(Records contained in a dataset)
------------
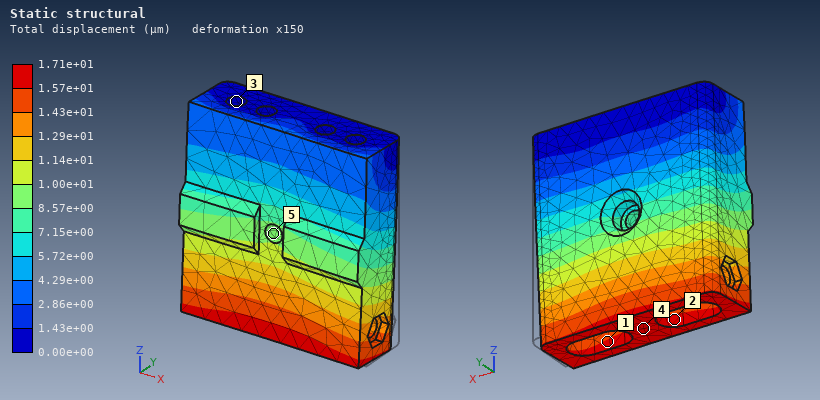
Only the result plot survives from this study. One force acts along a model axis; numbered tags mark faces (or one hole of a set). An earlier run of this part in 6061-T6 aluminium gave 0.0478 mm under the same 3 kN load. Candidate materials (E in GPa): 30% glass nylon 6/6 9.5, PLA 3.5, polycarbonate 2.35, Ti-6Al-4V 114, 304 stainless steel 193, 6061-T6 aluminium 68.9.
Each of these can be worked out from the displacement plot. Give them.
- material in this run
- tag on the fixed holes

304 stainless steel
3
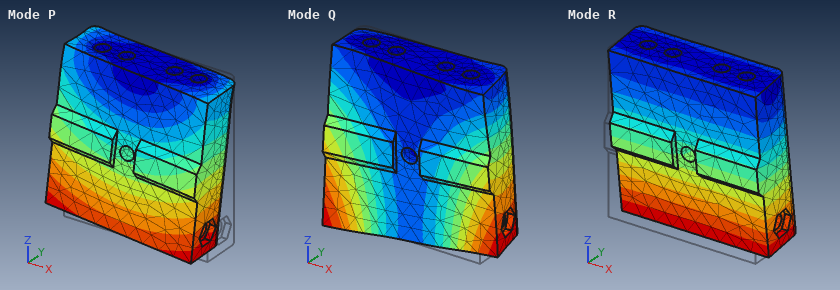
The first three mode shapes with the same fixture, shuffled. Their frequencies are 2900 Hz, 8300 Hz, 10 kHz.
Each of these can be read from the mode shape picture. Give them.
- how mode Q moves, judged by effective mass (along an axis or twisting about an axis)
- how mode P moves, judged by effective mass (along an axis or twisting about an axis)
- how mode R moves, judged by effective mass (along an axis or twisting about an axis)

twisting about Z
along X
along Y
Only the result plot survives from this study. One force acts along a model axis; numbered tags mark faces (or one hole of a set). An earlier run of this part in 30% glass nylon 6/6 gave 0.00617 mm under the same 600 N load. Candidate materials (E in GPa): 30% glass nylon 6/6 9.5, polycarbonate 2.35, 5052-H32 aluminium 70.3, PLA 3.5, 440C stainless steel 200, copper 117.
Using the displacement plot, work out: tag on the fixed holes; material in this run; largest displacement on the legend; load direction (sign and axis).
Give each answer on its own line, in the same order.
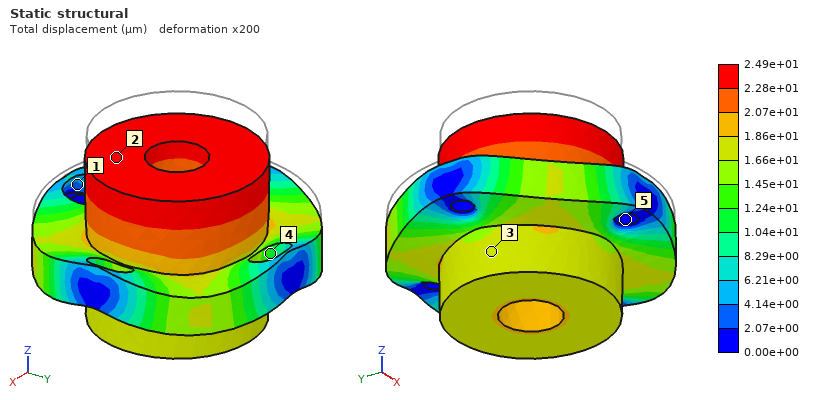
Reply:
5
polycarbonate
2.49e+01 µm
-Z
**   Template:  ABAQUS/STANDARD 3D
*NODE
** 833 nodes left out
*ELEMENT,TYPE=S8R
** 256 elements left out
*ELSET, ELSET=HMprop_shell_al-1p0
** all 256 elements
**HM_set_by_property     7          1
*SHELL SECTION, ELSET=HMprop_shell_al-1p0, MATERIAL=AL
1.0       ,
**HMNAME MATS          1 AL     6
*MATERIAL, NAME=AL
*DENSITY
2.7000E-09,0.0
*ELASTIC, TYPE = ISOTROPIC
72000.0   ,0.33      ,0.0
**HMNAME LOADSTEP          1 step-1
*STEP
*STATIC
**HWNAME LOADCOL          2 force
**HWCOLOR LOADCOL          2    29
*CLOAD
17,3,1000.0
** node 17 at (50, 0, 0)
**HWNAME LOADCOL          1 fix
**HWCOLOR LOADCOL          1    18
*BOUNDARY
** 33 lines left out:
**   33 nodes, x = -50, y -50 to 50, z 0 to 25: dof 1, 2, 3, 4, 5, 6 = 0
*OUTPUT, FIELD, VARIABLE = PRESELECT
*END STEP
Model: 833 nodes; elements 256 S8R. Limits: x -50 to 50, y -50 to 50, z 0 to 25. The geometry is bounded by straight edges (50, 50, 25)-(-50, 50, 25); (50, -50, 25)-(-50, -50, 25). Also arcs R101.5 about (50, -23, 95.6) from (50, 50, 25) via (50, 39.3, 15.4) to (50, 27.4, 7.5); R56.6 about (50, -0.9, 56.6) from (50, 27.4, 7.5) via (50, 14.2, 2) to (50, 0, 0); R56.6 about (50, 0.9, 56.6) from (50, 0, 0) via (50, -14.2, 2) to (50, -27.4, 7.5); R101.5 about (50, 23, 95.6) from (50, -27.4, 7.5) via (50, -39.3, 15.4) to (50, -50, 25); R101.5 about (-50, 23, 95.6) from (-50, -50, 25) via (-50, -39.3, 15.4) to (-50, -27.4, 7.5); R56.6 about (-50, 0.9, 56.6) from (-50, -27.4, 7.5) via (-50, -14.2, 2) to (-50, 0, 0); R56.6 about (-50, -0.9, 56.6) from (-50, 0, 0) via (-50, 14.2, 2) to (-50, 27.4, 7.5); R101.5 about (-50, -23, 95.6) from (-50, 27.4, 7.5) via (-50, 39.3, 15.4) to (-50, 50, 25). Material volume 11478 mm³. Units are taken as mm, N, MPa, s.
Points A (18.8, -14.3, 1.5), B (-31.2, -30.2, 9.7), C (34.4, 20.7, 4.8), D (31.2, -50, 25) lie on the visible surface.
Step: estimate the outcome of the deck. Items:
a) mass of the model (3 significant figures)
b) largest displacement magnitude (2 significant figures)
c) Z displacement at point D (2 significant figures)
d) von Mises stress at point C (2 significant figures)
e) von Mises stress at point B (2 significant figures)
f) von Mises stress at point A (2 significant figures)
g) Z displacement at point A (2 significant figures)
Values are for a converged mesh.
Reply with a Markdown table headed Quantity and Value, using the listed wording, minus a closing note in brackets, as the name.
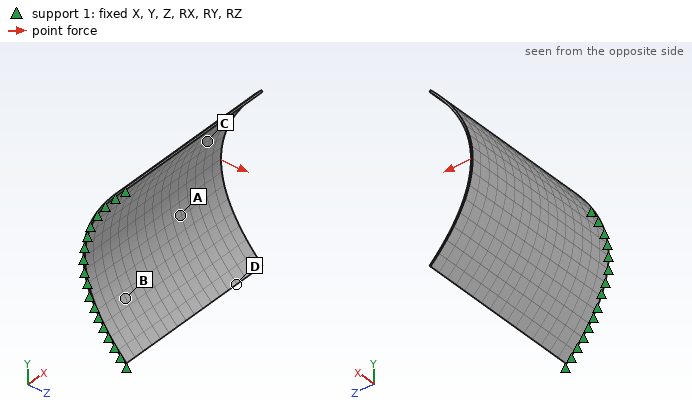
------------
» Exercise instructions
Copy each line in the entries above where the word "Candidate" shows up.

» Solution below
Only the result plot survives from this study. One force acts along a model axis; numbered tags mark faces (or one hole of a set). An earlier run of this part in 6061-T6 aluminium gave 0.0478 mm under the same 3 kN load. Candidate materials (E in GPa): 30% glass nylon 6/6 9.5, PLA 3.5, polycarbonate 2.35, Ti-6Al-4V 114, 304 stainless steel 193, 6061-T6 aluminium 68.9.
Only the result plot survives from this study. One force acts along a model axis; numbered tags mark faces (or one hole of a set). An earlier run of this part in 30% glass nylon 6/6 gave 0.00617 mm under the same 600 N load. Candidate materials (E in GPa): 30% glass nylon 6/6 9.5, polycarbonate 2.35, 5052-H32 aluminium 70.3, PLA 3.5, 440C stainless steel 200, copper 117.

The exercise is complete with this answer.